3.      Penerapan sanksi yang tegas terhadap partai atau anggota partai jika melakukan pelanggaran. Sanksi yang diberikan juga tanpa melihat siapa dan dari partai mana dia berasal. Jangan hanya karena dari partai besar, pelanggaran atas calon wakil rakyat dapat lepas begitu saja. Supremasi hukum harus ditegakkan.

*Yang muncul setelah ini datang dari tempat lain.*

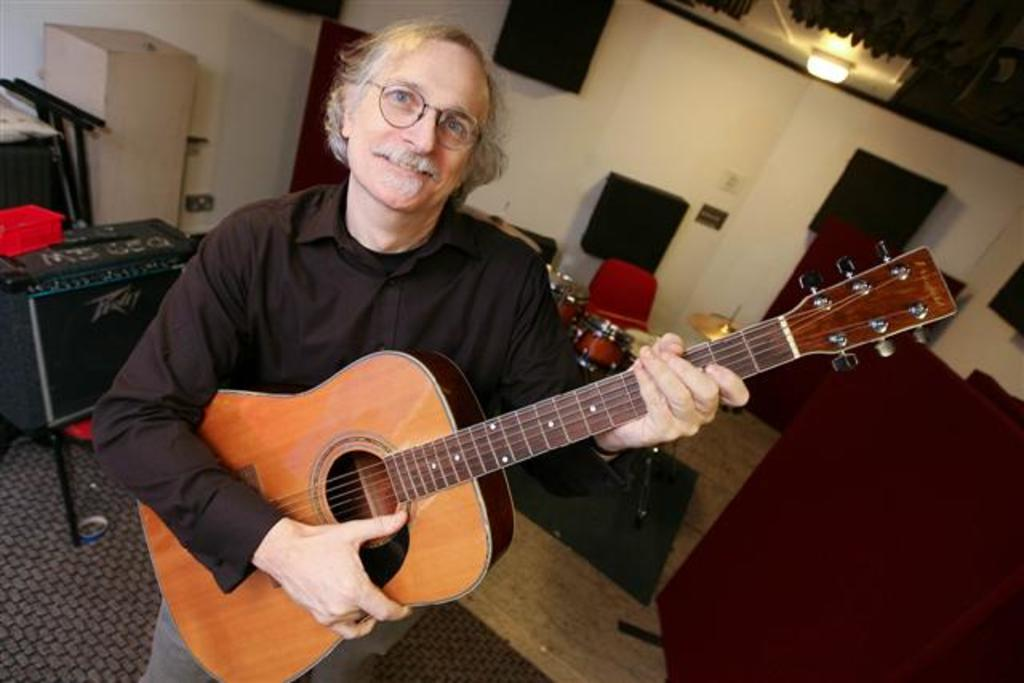What is the main subject of the image? The main subject of the image is a man. What is the man wearing? The man is wearing a black dress. What is the man doing in the image? The man is playing a guitar. What expression does the man have? The man is smiling. What other musical instruments are present in the image? There is a drum behind the man and other musical instruments beside him. What can be seen in the background of the image? There is a wall in the background of the image. What type of company is the man representing in the image? There is no indication in the image that the man is representing any company. What detail on the wall can be seen in the image? The provided facts do not mention any specific details on the wall, so we cannot answer this question definitively. 
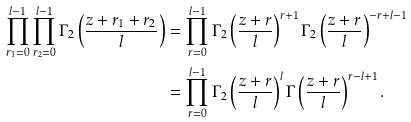Convert formula to latex. <formula><loc_0><loc_0><loc_500><loc_500>\prod _ { r _ { 1 } = 0 } ^ { l - 1 } \prod _ { r _ { 2 } = 0 } ^ { l - 1 } \Gamma _ { 2 } \left ( \frac { z + r _ { 1 } + r _ { 2 } } { l } \right ) & = \prod _ { r = 0 } ^ { l - 1 } \Gamma _ { 2 } \left ( \frac { z + r } { l } \right ) ^ { r + 1 } \Gamma _ { 2 } \left ( \frac { z + r } { l } \right ) ^ { - r + l - 1 } \\ & = \prod _ { r = 0 } ^ { l - 1 } \Gamma _ { 2 } \left ( \frac { z + r } { l } \right ) ^ { l } \Gamma \left ( \frac { z + r } { l } \right ) ^ { r - l + 1 } .</formula> 
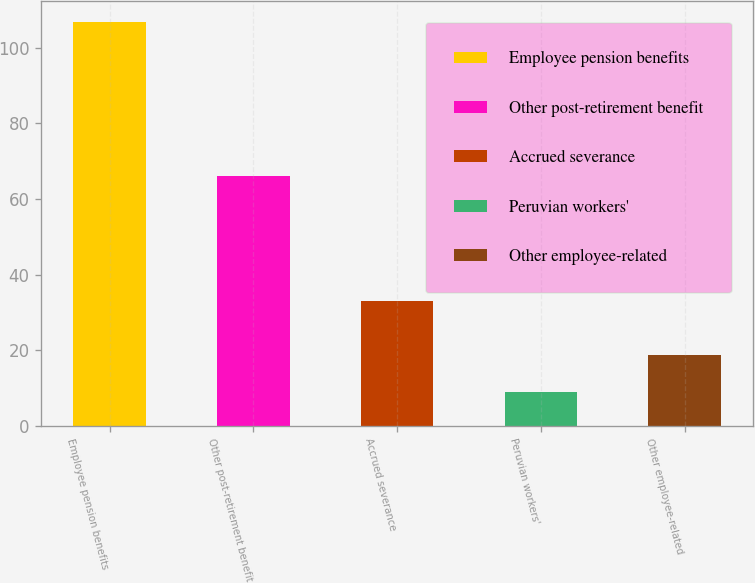Convert chart. <chart><loc_0><loc_0><loc_500><loc_500><bar_chart><fcel>Employee pension benefits<fcel>Other post-retirement benefit<fcel>Accrued severance<fcel>Peruvian workers'<fcel>Other employee-related<nl><fcel>107<fcel>66<fcel>33<fcel>9<fcel>18.8<nl></chart>

4.      Membasmi penyakit politik uang(money politic) dalam kancah politik. Pembasmian ini memang tidak bisa secara langsung. Namun secara pelan dan pasti jika sanksi atas penemuan politik uang diberi hukuman atau sanksi yang berat, dan kalau bisa sanksi yang diberikan harus mempengaruhi kelanjutan hidup partai yang bersangkutan. Misalnya nama partai akan dicoret dalam pemilu berikutnya, kemungkinan dapat mengurangi permainan politik kotor ini.
5.      Perlu adanya sosialisasi oleh KPU kepada rakyat sebelum diadakannya pemilu. Sosialisasi ini diberikan dengan tujuan agar rakyat tidak terpengaruh atas bujuk rayu oknum manapun sehingga dapat memilih wakil rakyat sesuai dengan hati nurani mereka.
6.      KPU juga harus transparan terhadap rakyat atas semua hal atau masalah yang timbul dalam pemilu yang dilaksanakan. Sehingga rakyat sendiri juga dapat menilai apa yang sebenarnya terjadi dalam partai.

Harapan kita semua rakyat Indonesia, demokras benar-benar dijalankan sebagaimana mestinya. Apa guna kita menganut demokrasi sedangkan dalam prakteknya tidak murni melaksanakan demokrasi itu sendiri. Mari kita sama-sama mengembalikan demokrasi yang sebenarnya, demokrasi yang utuh dari rakyat oleh rakyat dan untuk rakyat.